[Records from a dataset]

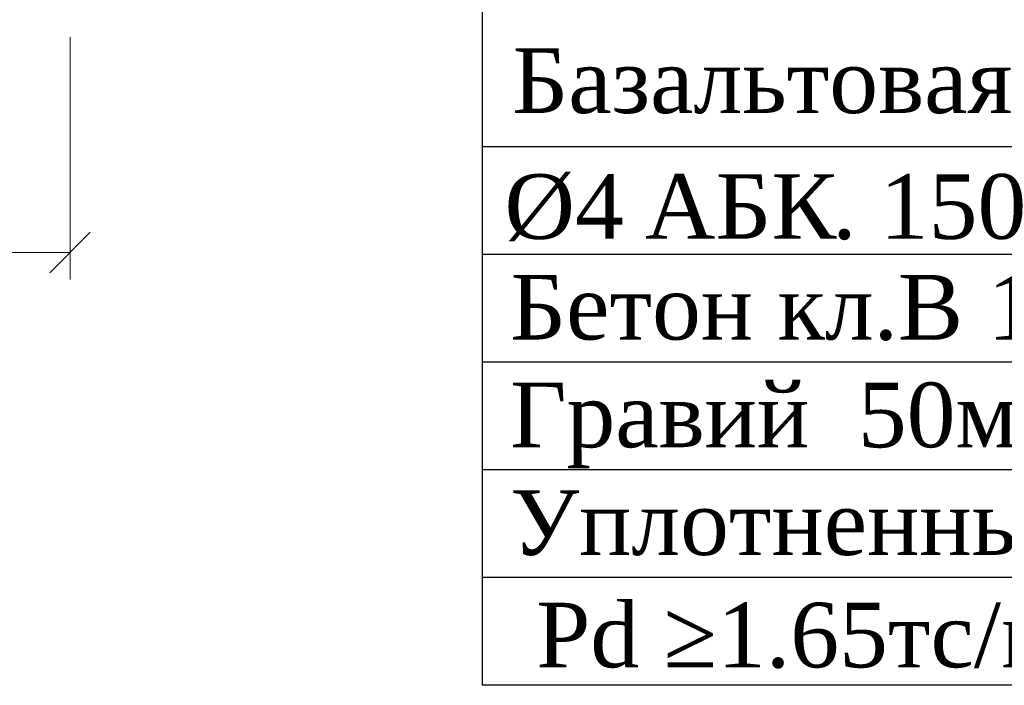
# Model space of a CAD drawing. Header units: millimetres. Extents: x 2063114 to 14983986, y -126020516 to 213791.
# Tile 101 of 256: x 2454158 to 2457815, y -1642727 to -1640255. Entities that reach past the tile are written whole.
import ezdxf

# ---------------------------------------------------------------- set-up
doc = ezdxf.new("R2010")
doc.units = ezdxf.units.MM
doc.layers.add('Format', color=7, linetype='Continuous', lineweight=35)
doc.styles.add('Times New Roman', font='times.ttf')

# ---------------------------------------------------------------- blocks, each defined once
blk = doc.blocks.new('_Oblique')
at = {"color": 0, "linetype": 'ByBlock', "lineweight": -2}
blk.add_line((-0.5, -0.5), (0.5, 0.5), dxfattribs=at)

msp = doc.modelspace()

# ---------------------------------------------------------------- linework, layer by layer
at = {"linetype": 'Continuous', "lineweight": 13, "ltscale": 300}
for p, q in [((2454345.23944, -1640319.22252), (2454345.23944, -1641219.22252)), ((2453545.23944, -1641119.22252), (2454345.23944, -1641119.22252))]:
    msp.add_line(p, q, dxfattribs=at)
at = {"layer": 'Format', "color": 0, "lineweight": 25, "ltscale": 0.4}
for p, q in [((2455876.29532, -1636900.04341), (2455876.29532, -1642726.59788)), ((2459117.28194, -1640726.59788), (2455876.29532, -1640726.59788)), ((2459117.28194, -1641126.59788), (2455876.29532, -1641126.59788)), ((2459117.28194, -1641526.59788), (2455876.29532, -1641526.59788)), ((2459117.28194, -1641926.59788), (2455876.29532, -1641926.59788)), ((2459117.28194, -1642326.59788), (2455876.29532, -1642326.59788)), ((2459117.28194, -1642726.59788), (2455876.29532, -1642726.59788))]:
    msp.add_line(p, q, dxfattribs=at)

# ---------------------------------------------------------------- block references
at = {"lineweight": 13, "ltscale": 300, "xscale": 150, "yscale": 150, "zscale": 150}
msp.add_blockref('_Oblique', (2454345.23944, -1641119.22252), dxfattribs=at)

# ---------------------------------------------------------------- texts
at = {"lineweight": 30, "style": 'Times New Roman'}
for s, p in [('Базальтовая арматурные', (2455987.62783, -1640601.41464)), ('Ø4 ', (2455958.69034, -1641068.46852)), ('АБК', (2456480.39186, -1641068.46852)), ('. ', (2457176.16691, -1641068.46852))]:
    msp.add_text(s, height=240, dxfattribs=at).set_placement(p)
at = {"color": 0, "lineweight": 30, "style": 'Times New Roman'}
msp.add_text('150', height=240, dxfattribs=at).set_placement((2457353.35509, -1641068.46852))
at = {"ltscale": 300, "style": 'Times New Roman'}
for s, p in [('Бетон кл.В 12.5-100мм.', (2455979.6115, -1641442.55586)), ('Гравий  50мм.', (2455979.6115, -1641842.55586)), ('Уплотненный грунт.', (2455979.6115, -1642242.55586)), ('Pd ≥1.65тс/м³ .', (2456076.24052, -1642659.81207))]:
    msp.add_text(s, height=240, dxfattribs=at).set_placement(p)

doc.saveas('drawing.dxf')

Problem description
Your answer must be an exact copy of the records, without the pictures.

Reply
# Model space of a CAD drawing. Header units: millimetres. Extents: x 2063114 to 14983986, y -126020516 to 213791.
# Tile 101 of 256: x 2454158 to 2457815, y -1642727 to -1640255. Entities that reach past the tile are written whole.
import ezdxf

# ---------------------------------------------------------------- set-up
doc = ezdxf.new("R2010")
doc.units = ezdxf.units.MM
doc.layers.add('Format', color=7, linetype='Continuous', lineweight=35)
doc.styles.add('Times New Roman', font='times.ttf')

# ---------------------------------------------------------------- blocks, each defined once
blk = doc.blocks.new('_Oblique')
at = {"color": 0, "linetype": 'ByBlock', "lineweight": -2}
blk.add_line((-0.5, -0.5), (0.5, 0.5), dxfattribs=at)

msp = doc.modelspace()

# ---------------------------------------------------------------- linework, layer by layer
at = {"linetype": 'Continuous', "lineweight": 13, "ltscale": 300}
for p, q in [((2454345.23944, -1640319.22252), (2454345.23944, -1641219.22252)), ((2453545.23944, -1641119.22252), (2454345.23944, -1641119.22252))]:
    msp.add_line(p, q, dxfattribs=at)
at = {"layer": 'Format', "color": 0, "lineweight": 25, "ltscale": 0.4}
for p, q in [((2455876.29532, -1636900.04341), (2455876.29532, -1642726.59788)), ((2459117.28194, -1640726.59788), (2455876.29532, -1640726.59788)), ((2459117.28194, -1641126.59788), (2455876.29532, -1641126.59788)), ((2459117.28194, -1641526.59788), (2455876.29532, -1641526.59788)), ((2459117.28194, -1641926.59788), (2455876.29532, -1641926.59788)), ((2459117.28194, -1642326.59788), (2455876.29532, -1642326.59788)), ((2459117.28194, -1642726.59788), (2455876.29532, -1642726.59788))]:
    msp.add_line(p, q, dxfattribs=at)

# ---------------------------------------------------------------- block references
at = {"lineweight": 13, "ltscale": 300, "xscale": 150, "yscale": 150, "zscale": 150}
msp.add_blockref('_Oblique', (2454345.23944, -1641119.22252), dxfattribs=at)

# ---------------------------------------------------------------- texts
at = {"lineweight": 30, "style": 'Times New Roman'}
for s, p in [('Базальтовая арматурные', (2455987.62783, -1640601.41464)), ('Ø4 ', (2455958.69034, -1641068.46852)), ('АБК', (2456480.39186, -1641068.46852)), ('. ', (2457176.16691, -1641068.46852))]:
    msp.add_text(s, height=240, dxfattribs=at).set_placement(p)
at = {"color": 0, "lineweight": 30, "style": 'Times New Roman'}
msp.add_text('150', height=240, dxfattribs=at).set_placement((2457353.35509, -1641068.46852))
at = {"ltscale": 300, "style": 'Times New Roman'}
for s, p in [('Бетон кл.В 12.5-100мм.', (2455979.6115, -1641442.55586)), ('Гравий  50мм.', (2455979.6115, -1641842.55586)), ('Уплотненный грунт.', (2455979.6115, -1642242.55586)), ('Pd ≥1.65тс/м³ .', (2456076.24052, -1642659.81207))]:
    msp.add_text(s, height=240, dxfattribs=at).set_placement(p)

doc.saveas('drawing.dxf')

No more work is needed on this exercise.